しかしながら、特許文献1に記載の排水処理方法では、脱水ろ液を再び排水処理することとなり、排水から生じる浄化度の低い水を効率的に排水処理できない。
排水と該排水よりも浸透圧が高い高浸透圧水とを隔てるように配された正浸透膜を介して排水の水分を正浸透によって高浸透圧水側へ移動させる正浸透工程と、正浸透工程にて排水よりも水分が減った濃縮水の水分を焼却場における燃焼排ガス中で気化させる気化工程とを備える。
上記の排水処理方法によれば、正浸透によって十分に浄化された水分を燃焼排ガスの温度を下げるために用いなくても、濃縮水の水分を気化させて燃焼排ガスの温度を下げることができる。濃縮水の水分を気化させるものの、正浸透によって十分に浄化された水分を気化のために用いなくてもよい分、下げる温度幅を小さくでき、燃焼排ガスから熱を十分に回収できる。
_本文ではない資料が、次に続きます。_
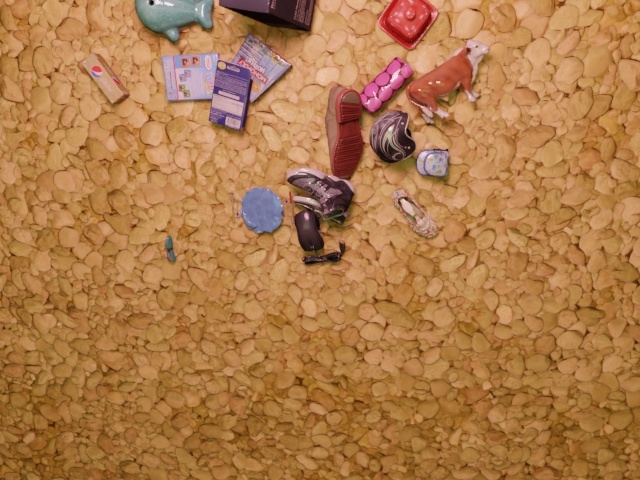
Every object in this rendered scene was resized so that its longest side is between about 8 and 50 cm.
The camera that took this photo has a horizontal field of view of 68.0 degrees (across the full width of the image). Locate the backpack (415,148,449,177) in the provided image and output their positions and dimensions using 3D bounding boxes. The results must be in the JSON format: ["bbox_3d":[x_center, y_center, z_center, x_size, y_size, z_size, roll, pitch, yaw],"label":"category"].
[{"bbox_3d":[0.409,-0.285,1.738,0.114,0.084,0.105,5,105,7],"label":"backpack"}]

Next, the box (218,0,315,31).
[{"bbox_3d":[-0.141,-0.872,1.484,0.178,0.312,0.343,17,108,18],"label":"box"}]

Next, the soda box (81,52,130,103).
[{"bbox_3d":[-0.806,-0.607,1.783,0.061,0.058,0.181,-32,100,14],"label":"soda box"}]

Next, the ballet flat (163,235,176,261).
[{"bbox_3d":[-0.631,0.035,1.968,0.041,0.041,0.114,-5,105,8],"label":"ballet flat"}]

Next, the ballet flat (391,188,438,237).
[{"bbox_3d":[0.359,-0.093,1.804,0.241,0.077,0.091,44,105,-8],"label":"ballet flat"}]

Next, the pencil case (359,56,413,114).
[{"bbox_3d":[0.224,-0.550,1.679,0.209,0.095,0.098,-42,62,14],"label":"pencil case"}]

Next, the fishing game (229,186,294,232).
[{"bbox_3d":[-0.229,-0.120,1.879,0.263,0.041,0.189,-1,106,15],"label":"fishing game"}]

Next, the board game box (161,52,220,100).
[{"bbox_3d":[-0.472,-0.604,1.758,0.211,0.039,0.160,0,107,7],"label":"board game box"}]

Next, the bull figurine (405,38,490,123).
[{"bbox_3d":[0.454,-0.548,1.645,0.310,0.101,0.188,-29,103,13],"label":"bull figurine"}]

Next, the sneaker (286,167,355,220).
[{"bbox_3d":[-0.002,-0.166,1.741,0.268,0.153,0.101,14,152,-14],"label":"sneaker"}]

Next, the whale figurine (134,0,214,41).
[{"bbox_3d":[-0.511,-0.808,1.648,0.271,0.141,0.216,10,107,3],"label":"whale figurine"}]

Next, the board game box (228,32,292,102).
[{"bbox_3d":[-0.234,-0.611,1.721,0.194,0.060,0.194,35,106,-5],"label":"board game box"}]

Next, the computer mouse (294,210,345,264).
[{"bbox_3d":[0.000,0.000,1.838,0.184,0.060,0.262,-5,127,6],"label":"computer mouse"}]

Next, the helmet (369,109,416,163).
[{"bbox_3d":[0.255,-0.374,1.687,0.169,0.169,0.161,-32,118,14],"label":"helmet"}]

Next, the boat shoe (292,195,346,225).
[{"bbox_3d":[-0.008,-0.115,1.828,0.219,0.078,0.070,18,91,-1],"label":"boat shoe"}]

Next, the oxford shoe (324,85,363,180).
[{"bbox_3d":[0.078,-0.391,1.742,0.122,0.130,0.348,-12,124,-27],"label":"oxford shoe"}]

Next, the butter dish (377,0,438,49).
[{"bbox_3d":[0.296,-0.753,1.592,0.160,0.118,0.160,36,108,-6],"label":"butter dish"}]

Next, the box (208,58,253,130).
[{"bbox_3d":[-0.324,-0.526,1.718,0.136,0.036,0.225,20,118,8],"label":"box"}]

従って、上記の排水処理方法によれば、焼却場における燃焼排ガスの熱を十分に回収しつつ、排水から生じる浄化度の低い水を効率的に排水処理できる。
排水と該排水よりも浸透圧が高い高浸透圧水とを隔てるように配された正浸透膜を含む浸透部であって正浸透膜を介して排水の水分を正浸透によって高浸透圧水側へ移動させる浸透部と、浸透部にて排水よりも水分が減った濃縮水の水分を焼却場における燃焼排ガス中で気化させるために燃焼排ガスに濃縮水を供給する濃縮水供給部とを備える。
燃焼部11は、焼却炉内の温度を調節するために、燃焼によって生じた燃焼排ガスGに水(後述する濃縮水B)を噴射又は噴霧することによって、燃焼排ガスG中で水分を気化させ、燃焼排ガスGの温度を気化熱によって下げるように構成されている。
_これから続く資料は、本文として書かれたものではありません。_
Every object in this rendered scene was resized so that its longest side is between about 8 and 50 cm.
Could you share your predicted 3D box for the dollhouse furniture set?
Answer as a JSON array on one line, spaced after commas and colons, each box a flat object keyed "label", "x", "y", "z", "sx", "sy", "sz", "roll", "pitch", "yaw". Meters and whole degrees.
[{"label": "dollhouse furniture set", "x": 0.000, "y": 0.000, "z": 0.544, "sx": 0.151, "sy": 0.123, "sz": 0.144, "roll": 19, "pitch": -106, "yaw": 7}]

本実施形態の排水処理設備1は、焼却場10にて生じる排水Aに含まれる濁質を減少させるために排水Aを前処理する前処理部2と、浸透部3に高浸透圧水Cを供給する高浸透圧水供給部5と、浸透部3の正浸透によって浸透圧がいったん下がった高浸透圧水Cの浸透圧を上げて高浸透圧水Cを再生させる再生部6とをさらに備える。
本実施形態の排水処理設備1は、浸透部3の正浸透膜の正浸透によって排水Aの水分を高浸透圧水C側へ移動させ、排水Aの水分が減ってなる濃縮水Bを浸透部3にて得るように構成されている。
本実施形態の排水処理設備1は、焼却場10の燃焼部11にて生じた燃焼排ガスの温度を下げるために、濃縮水Bを燃焼部11に供給するように構成されている。
本実施形態の排水処理設備1は、焼却場10の減温部122にて上記の熱回収燃焼排ガスの温度を下げるために、濃縮水Bを減温部122に供給するように構成されている。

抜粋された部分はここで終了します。